ECHELON-2 is a double-blind, double-dummy, randomized, placebo-controlled, active-comparator phase III study. We present an exploratory update of the ECHELON-2 study, including an analysis of 5-year PFS per investigator in the intent-to-treat analysis group.
A total of 452 patients were randomized (1 : 1) to six or eight cycles of A+CHP (N = 226) or CHOP (N = 226). At median follow-up of 47.6 months, 5-year PFS rates were 51.4% [95% confidence interval (CI): 42.8% to 59.4%] with A+CHP versus 43.0% (95% CI: 35.8% to 50.0%) with CHOP (hazard ratio = 0.70; 95% CI: 0.53-0.91), and 5-year overall survival (OS) rates were 70.1% (95% CI: 63.3% to 75.9%) with A+CHP versus 61.0% (95% CI: 54.0% to 67.3%) with CHOP (hazard ratio = 0.72; 95% CI: 0.53-0.99). Both PFS and OS were generally consistent across key subgroups. Peripheral neuropathy was resolved or improved in 72% (84/117) of patients in the A+CHP arm and 78% (97/124) in the CHOP arm. Among patients who relapsed and subsequently received brentuximab vedotin, the objective response rate was 59% with brentuximab vedotin retreatment after A+CHP and 50% with subsequent brentuximab vedotin after CHOP.
In this 5-year update of ECHELON-2, frontline treatment of patients with PTCL with A+CHP continues to provide clinically meaningful improvement in PFS and OS versus CHOP, with a manageable safety profile, including continued resolution or improvement of peripheral neuropathy.
ECHELON-2 is a double-blind, double-dummy, randomized, placebo-controlled, active-comparator phase III study. We present an exploratory update of the ECHELON-2 study, including an analysis of 5-year PFS per investigator in the intent-to-treat analysis group.
A total of 452 patients were randomized (1 : 1) to six or eight cycles of A+CHP (N = 226) or CHOP (N = 226).

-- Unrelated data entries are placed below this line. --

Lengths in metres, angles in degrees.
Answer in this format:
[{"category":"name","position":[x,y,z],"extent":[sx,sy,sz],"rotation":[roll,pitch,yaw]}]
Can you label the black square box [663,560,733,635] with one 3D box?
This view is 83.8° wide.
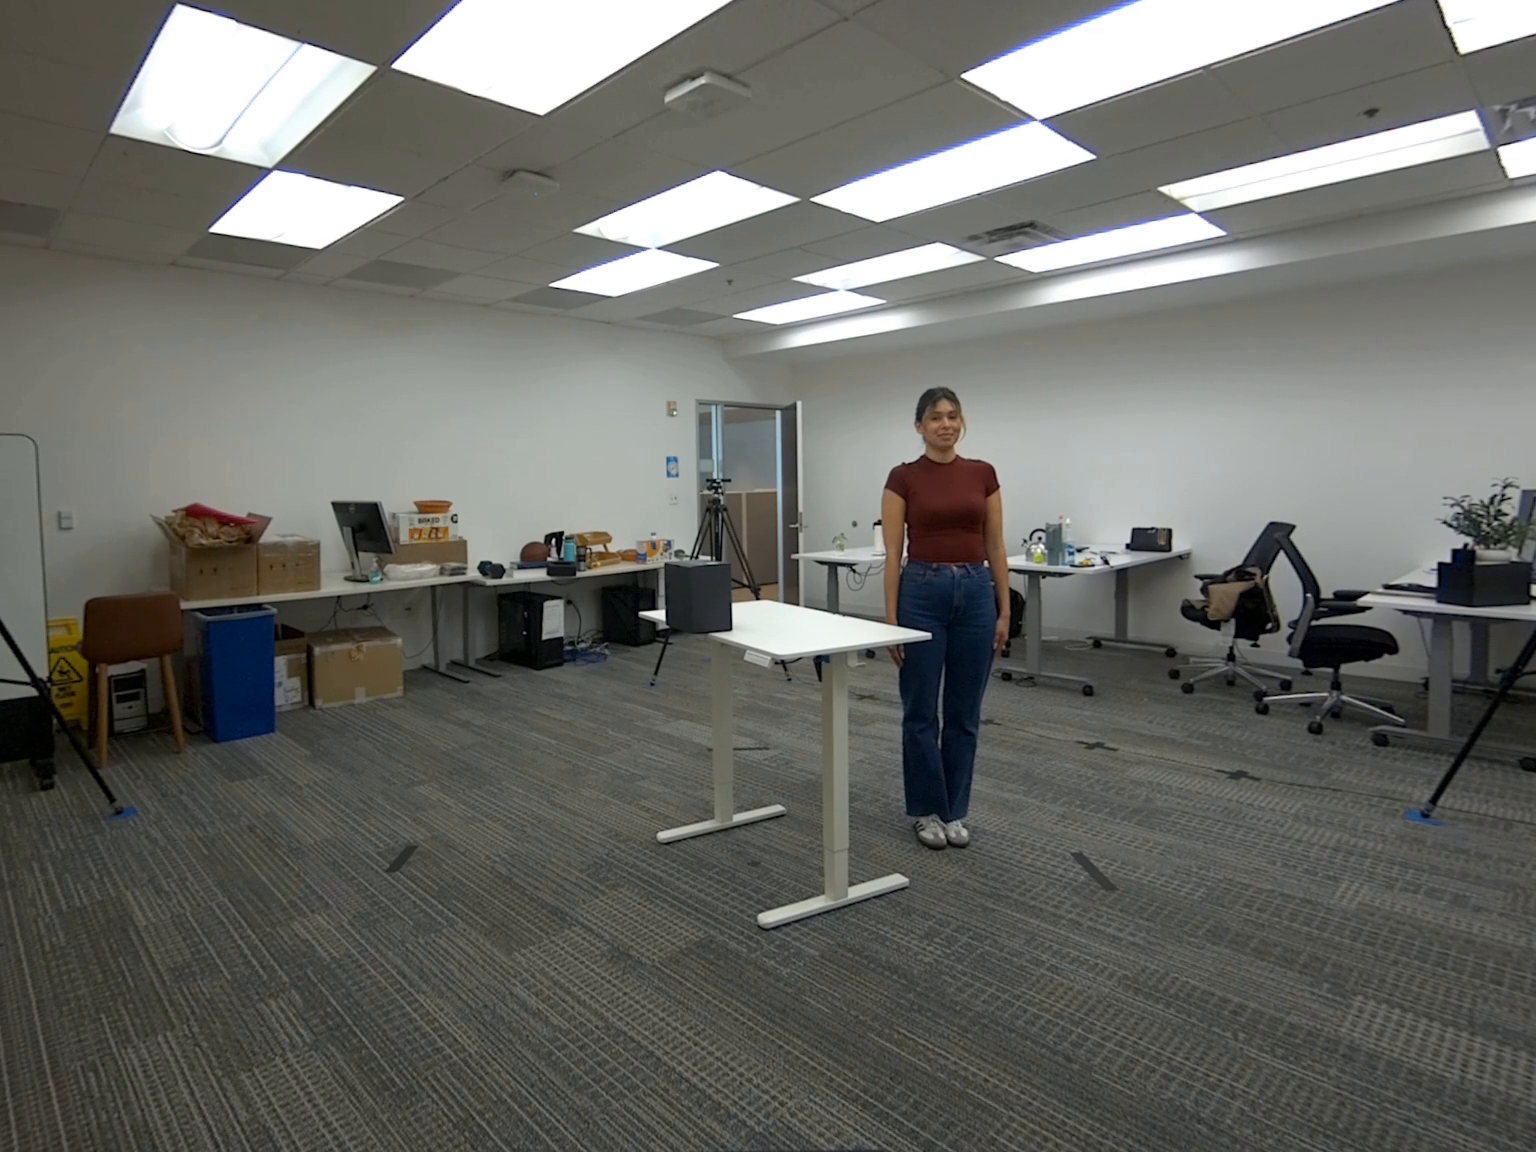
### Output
[{"category":"black square box","position":[-0.240,0.067,2.945],"extent":[0.152,0.227,0.223],"rotation":[-3,5,-30]}]

At median follow-up of 47.6 months, 5-year PFS rates were 51.4% [95% confidence interval (CI): 42.8% to 59.4%] with A+CHP versus 43.0% (95% CI: 35.8% to 50.0%) with CHOP (hazard ratio = 0.70; 95% CI: 0.53-0.91), and 5-year overall survival (OS) rates were 70.1% (95% CI: 63.3% to 75.9%) with A+CHP versus 61.0% (95% CI: 54.0% to 67.3%) with CHOP (hazard ratio = 0.72; 95% CI: 0.53-0.99). Both PFS and OS were generally consistent across key subgroups. Peripheral neuropathy was resolved or improved in 72% (84/117) of patients in the A+CHP arm and 78% (97/124) in the CHOP arm. Among patients who relapsed and subsequently received brentuximab vedotin, the objective response rate was 59% with brentuximab vedotin retreatment after A+CHP and 50% with subsequent brentuximab vedotin after CHOP.
In this 5-year update of ECHELON-2, frontline treatment of patients with PTCL with A+CHP continues to provide clinically meaningful improvement in PFS and OS versus CHOP, with a manageable safety profile, including continued resolution or improvement of peripheral neuropathy.
摘要:
对于外周T细胞淋巴瘤(PTCL)患者,使用环磷酰胺一线治疗的结果,阿霉素,长春新碱,和泼尼松(CHOP)或CHOP样疗法通常较差。ECHELON-2研究表明,本妥昔单抗vedotin加环磷酰胺,阿霉素,对于全身性间变性大细胞淋巴瘤或其他CD30阳性PTCL患者的一线治疗,泼尼松(A+CHP)在每次独立中心审查中的无进展生存期(PFS)均具有统计学上的优势,并且与CHOP相比,总体生存期的改善也在统计学上优于CHOP.
ECHELON-2是双盲,双假人,随机化,安慰剂对照,主动比较器第三阶段研究。我们提出了ECHELON-2研究的探索性更新,包括意向治疗分析组中每名研究者的5年PFS分析.
总共452名患者被随机(1:1)分为六个或八个周期的A+CHP(N=226)或CHOP(N=226)。中位随访时间为47.6个月,A+CHP的5年PFS率为51.4%[95%置信区间(CI):42.8%至59.4%],CHOP的5年PFS率为43.0%(95%CI:35.8%至50.0%)(风险比=0.70;95%CI:0.53-0.91),A+CHP组的5年总生存率(OS)为70.1%(95%CI:63.3%~75.9%),CHOP组为61.0%(95%CI:54.0%~67.3%)(风险比=0.72;95%CI:0.53~0.99).PFS和OS在关键亚组之间通常是一致的。A+CHP组72%(84/117)的患者和CHOP组78%(97/124)的患者周围神经病变得到解决或改善。在复发并随后接受本妥昔单抗vedotin的患者中,A+CHP后接受本妥昔单抗vedotin治疗的客观缓解率为59%,CHOP后接受本妥昔单抗vedotin治疗的客观缓解率为50%.
在ECHELON-2的5年更新中,用A+CHP治疗PTCL患者的一线治疗继续在PFS和OS方面与CHOP相比提供有临床意义的改善。具有可管理的安全性,包括周围神经病变的持续消退或改善。
ECHELON-2是双盲,双假人,随机化,安慰剂对照,主动比较器第三阶段研究。我们提出了ECHELON-2研究的探索性更新,包括意向治疗分析组中每名研究者的5年PFS分析.
总共452名患者被随机(1:1)分为六个或八个周期的A+CHP(N=226)或CHOP(N=226)。中位随访时间为47.6个月,A+CHP的5年PFS率为51.4%[95%置信区间(CI):42.8%至59.4%],CHOP的5年PFS率为43.0%(95%CI:35.8%至50.0%)(风险比=0.70;95%CI:0.53-0.91),A+CHP组的5年总生存率(OS)为70.1%(95%CI:63.3%~75.9%),CHOP组为61.0%(95%CI:54.0%~67.3%)(风险比=0.72;95%CI:0.53~0.99).PFS和OS在关键亚组之间通常是一致的。A+CHP组72%(84/117)的患者和CHOP组78%(97/124)的患者周围神经病变得到解决或改善。在复发并随后接受本妥昔单抗vedotin的患者中,A+CHP后接受本妥昔单抗vedotin治疗的客观缓解率为59%,CHOP后接受本妥昔单抗vedotin治疗的客观缓解率为50%.
在ECHELON-2的5年更新中,用A+CHP治疗PTCL患者的一线治疗继续在PFS和OS方面与CHOP相比提供有临床意义的改善。具有可管理的安全性,包括周围神经病变的持续消退或改善。